Les manifestants ont de leur côté lancé des pierres sur la police anti-émeute dans ce quartier de la capitale. Les organisateurs de la manifestation avaient prévu de marcher vers State House, le palais présidentiel. À Kibera, le plus grand bidonville de Nairobi, des manifestants ont mis le feu à des pneus, selon des journalistes de l'AFP.
Ce mouvement de protestation contre l'inflation, qui s'est élevée en février sur un an à 9,2% dans le pays d'Afrique de l'Est, avait été interdit dimanche par les autorités. Les Kényans souffrent de la flambée des prix des produits de première nécessité, de la chute brutale du shilling par rapport au dollar américain et d'une sécheresse record qui a plongé des millions de personnes dans la famine.
La police avait reçu deux demandes de manifestations, dont l'une du parti d'opposition Azimio la Umoja. "Les deux groupes avaient l'intention d'organiser des manifestations pacifiques. Mais pour la sécurité publique, aucune n'a été accordée", avait expliqué dimanche Adamson Bungei, chef de la police de la capitale kényane, évoquant notamment le non respect du délai de trois jours pour déposer une demande de manifestation.
Raila Odinga, leader d'Azimio la Umoja, avait convoqué ces manifestations pour protester contre la "montée en flèche" du coût de la vie mais aussi l'élection "volée" du 9 août dernier. William Ruto avait remporté ce scrutin très serré, et son adversaire considère son gouvernement comme "illégitime". "Depuis que M. Ruto a prêté serment il y a six mois, il dirige le pays avec beaucoup de mépris", a-t-il déclaré, soulignant le coût élevé des produits de base tels que le carburant, l'huile de cuisine, les frais de scolarité et l'électricité.
Malgré l'interdiction, des manifestants se sont réunis pour protester contre le coût de la vie. "Nous resterons ici jusqu'à ce qu'ils n'aient plus de gaz lacrymogène", a déclaré l'un d'eux, Markings Nyamweya, 27 ans.
"Nous sommes venus ici pacifiquement, mais ils nous ont jeté des gaz lacrymogènes", a affirmé un manifestant, Charles Oduor. "Ils nous mentent tous les jours. Où est la farine de maïs bon marché qu'ils ont promise ? Où sont les emplois pour les jeunes qu'ils ont promis ? Tout ce qu'ils font, c'est embaucher leurs amis", a ajouté ce jeune homme de 21 ans.
"Épreuve de force"
Le grand journal kényan The Standard titrait toutefois lundi matin: "Le jour de l'épreuve de force". De nombreux commerces à Nairobi étaient fermés avant les manifestations, et certaines entreprises avaient demandé à leurs employés de privilégier le télétravail.

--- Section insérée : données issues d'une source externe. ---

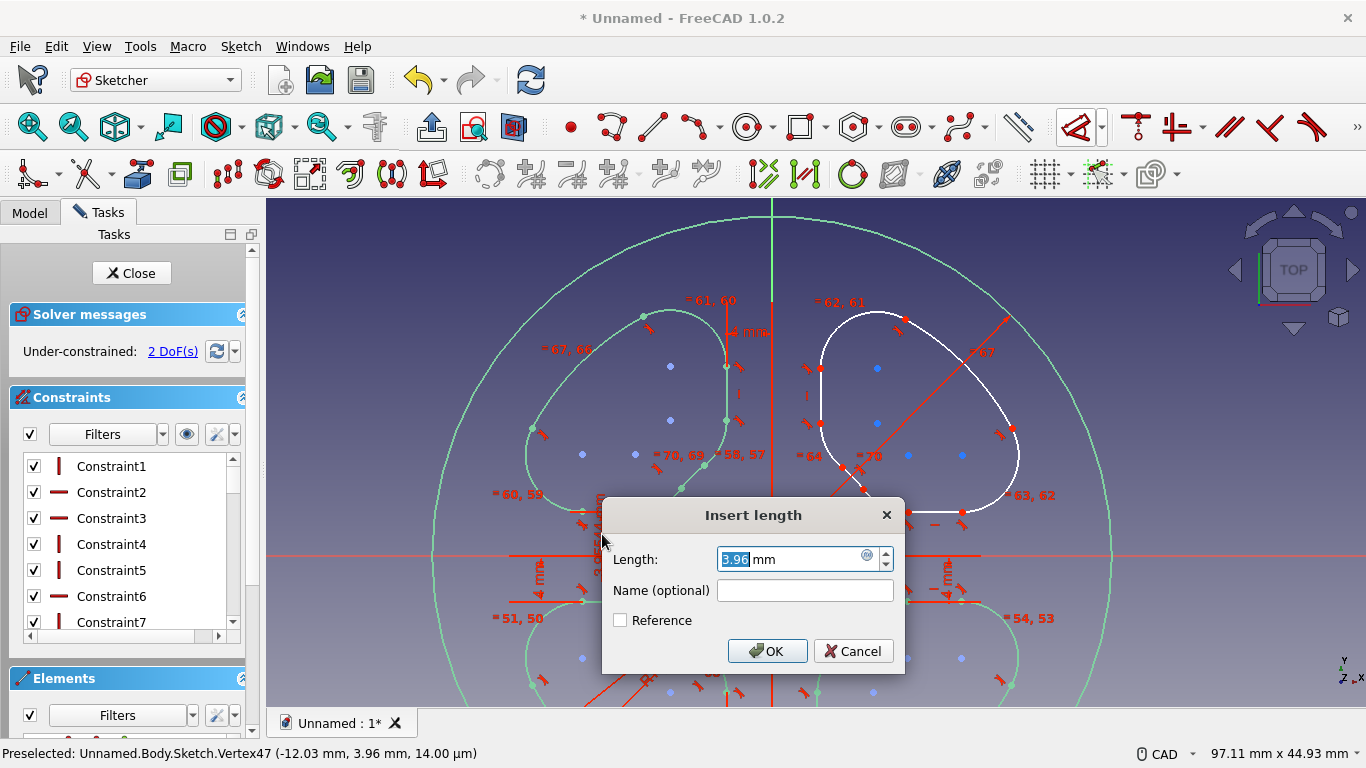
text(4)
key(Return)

Le ministre de l'Intérieur, Kithure Kindiki, avait affirmé dimanche que toute personne incitant au trouble à l'ordre public serait poursuivie. Le chef de l'Etat s'était élevé ce week-end contre les appels à manifester de son opposant. "Vous n'allez pas nous menacer avec des ultimatums, du chaos et de l'impunité. Nous ne le permettrons pas", avait dit William Ruto, demandant à Raila Odinga d'agir via des moyens "légaux et constitutionnels".
L'élection présidentielle reste un motif de conflit entre les deux leaders. Selon les résultats officiels, M. Odinga a perdu face à M. Ruto de quelque 233.000 voix, l'un des écarts les plus serrés de l'histoire du pays, et alors qu'il était soutenu dans ce scrutin par le président sortant Uhuru Kenyatta.
Après l'annonce des résultats officiels en août, Raila Odinga, qui concourait pour la cinquième fois à la tête du pays avait évoqué des fraudes et rejeté les résultats. Son recours déposé devant la Cour suprême avait cependant été rejeté, les membres de cette dernière rendant un jugement unanime en faveur de William Ruto, en estimant qu'il n'y avait aucune preuve étayant les accusations de M. Odinga.